General information
- Location: Keadby, North Lincolnshire England
- Coordinates: 53°35′34″N 0°44′32″W﻿ / ﻿53.5929°N 0.7423°W
- Grid reference: SE834114

Other information
- Status: Disused

History
- Original company: South Yorkshire Railway
- Pre-grouping: Manchester, Sheffield and Lincolnshire Railway

Key dates
- 10 September 1859: Opened as Keadby
- 1 October 1866: Renamed Keadby for Amcotts and Burringham
- 2 November 1874: Closed

Location

= Keadby railway station =

Former railway station in Lincolnshire, England

The original Keadby railway station was the easternmost terminus of the South Yorkshire Railway. The railway, which was extended from Thorne and opened in September 1859 was built without an Act of Parliament, as the railway company owned the canal alongside which they built the line.

The station and other railway associated facilities were situated on the west bank of the River Trent to the north of the point where the Stainforth and Keadby Canal passed through a lock to access the river.

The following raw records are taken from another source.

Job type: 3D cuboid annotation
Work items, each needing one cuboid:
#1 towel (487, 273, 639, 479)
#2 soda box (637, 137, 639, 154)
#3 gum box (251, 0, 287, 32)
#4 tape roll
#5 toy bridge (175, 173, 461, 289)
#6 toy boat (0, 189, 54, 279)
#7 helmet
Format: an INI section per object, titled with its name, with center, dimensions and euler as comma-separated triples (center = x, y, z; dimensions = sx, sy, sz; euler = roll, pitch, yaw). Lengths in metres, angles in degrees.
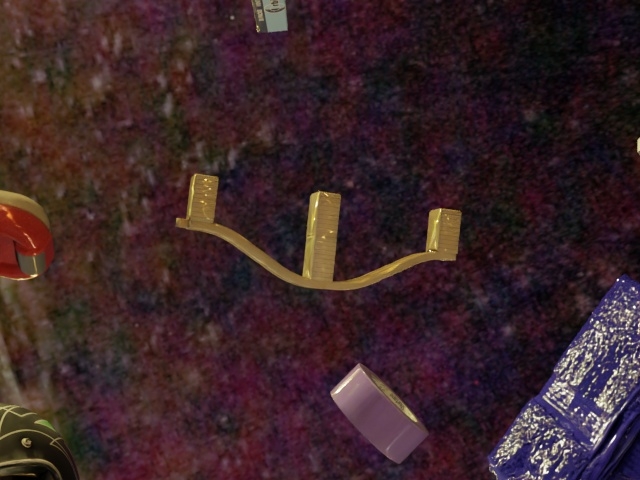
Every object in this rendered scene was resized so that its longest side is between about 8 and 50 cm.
[towel]
center = 0.322, 0.190, 0.933
dimensions = 0.076, 0.308, 0.227
euler = 34, -177, -18
[soda box]
center = 0.378, -0.132, 0.687
dimensions = 0.069, 0.074, 0.216
euler = 46, 116, 3
[gum box]
center = -0.067, -0.355, 0.918
dimensions = 0.157, 0.041, 0.184
euler = 93, 172, -82
[tape roll]
center = 0.113, 0.328, 1.536
dimensions = 0.189, 0.080, 0.189
euler = 45, -179, -1
[toy bridge]
center = 0.000, 0.000, 0.527
dimensions = 0.026, 0.188, 0.063
euler = 173, 103, -74
[toy boat]
center = -0.466, 0.018, 1.022
dimensions = 0.151, 0.231, 0.151
euler = 111, 167, -55
[helmet]
center = -0.283, 0.217, 0.680
dimensions = 0.169, 0.170, 0.161
euler = -17, 94, 61

On 1 May 1866, the first Keadby Bridge and the associated diversionary route were brought into use for goods trains; passenger trains started using the new route on 1 October. On that date, Keadby station was renamed Keadby for Amcotts and Burringham.

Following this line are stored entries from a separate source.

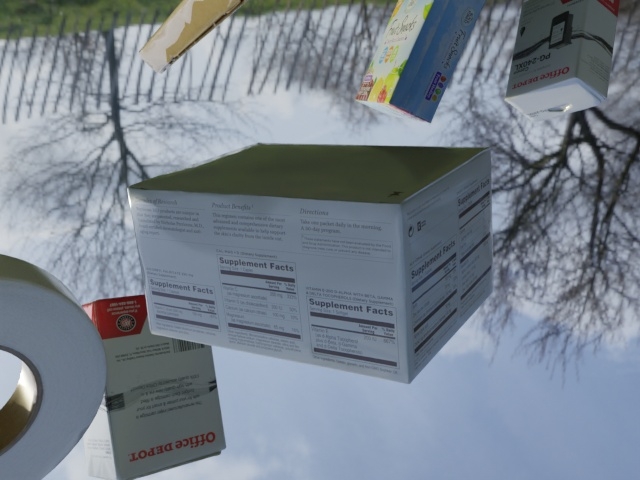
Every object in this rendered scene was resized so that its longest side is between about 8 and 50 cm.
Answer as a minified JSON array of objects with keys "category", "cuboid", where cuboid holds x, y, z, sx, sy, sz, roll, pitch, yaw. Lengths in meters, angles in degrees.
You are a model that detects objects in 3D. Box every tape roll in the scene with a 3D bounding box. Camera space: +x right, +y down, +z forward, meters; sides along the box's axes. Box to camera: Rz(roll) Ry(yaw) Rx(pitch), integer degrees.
[{"category":"tape roll","cuboid":[-0.465,0.197,0.921,0.392,0.392,0.072,-14,-145,-34]}]

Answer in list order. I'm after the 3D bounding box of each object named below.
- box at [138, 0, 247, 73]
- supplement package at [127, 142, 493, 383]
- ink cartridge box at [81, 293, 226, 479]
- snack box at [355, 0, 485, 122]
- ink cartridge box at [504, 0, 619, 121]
[{"category":"box","cuboid":[-0.011,-0.159,0.366,0.164,0.021,0.201,-48,-162,-14]},{"category":"supplement package","cuboid":[0.000,0.000,0.666,0.262,0.145,0.204,6,-159,30]},{"category":"ink cartridge box","cuboid":[-0.278,0.226,1.181,0.197,0.272,0.114,-4,171,-42]},{"category":"snack box","cuboid":[0.129,-0.256,1.002,0.070,0.174,0.207,22,-172,-14]},{"category":"ink cartridge box","cuboid":[0.301,-0.237,0.914,0.063,0.150,0.109,24,160,-31]}]

The station closed on 2 November 1874. Although the goods and locomotive facilities remained, the locomotive facilities, until the opening of a new shed at Frodingham, were replaced when the line was diverted to cross the Trent by a swing bridge situated some 150 yards upstream. This bridge, itself, was replaced in 1914 with a new lifting bridge, which although now fixed, is still in use today. The present day station was originally known as Keadby and Althorpe but this has been shortened to Althorpe.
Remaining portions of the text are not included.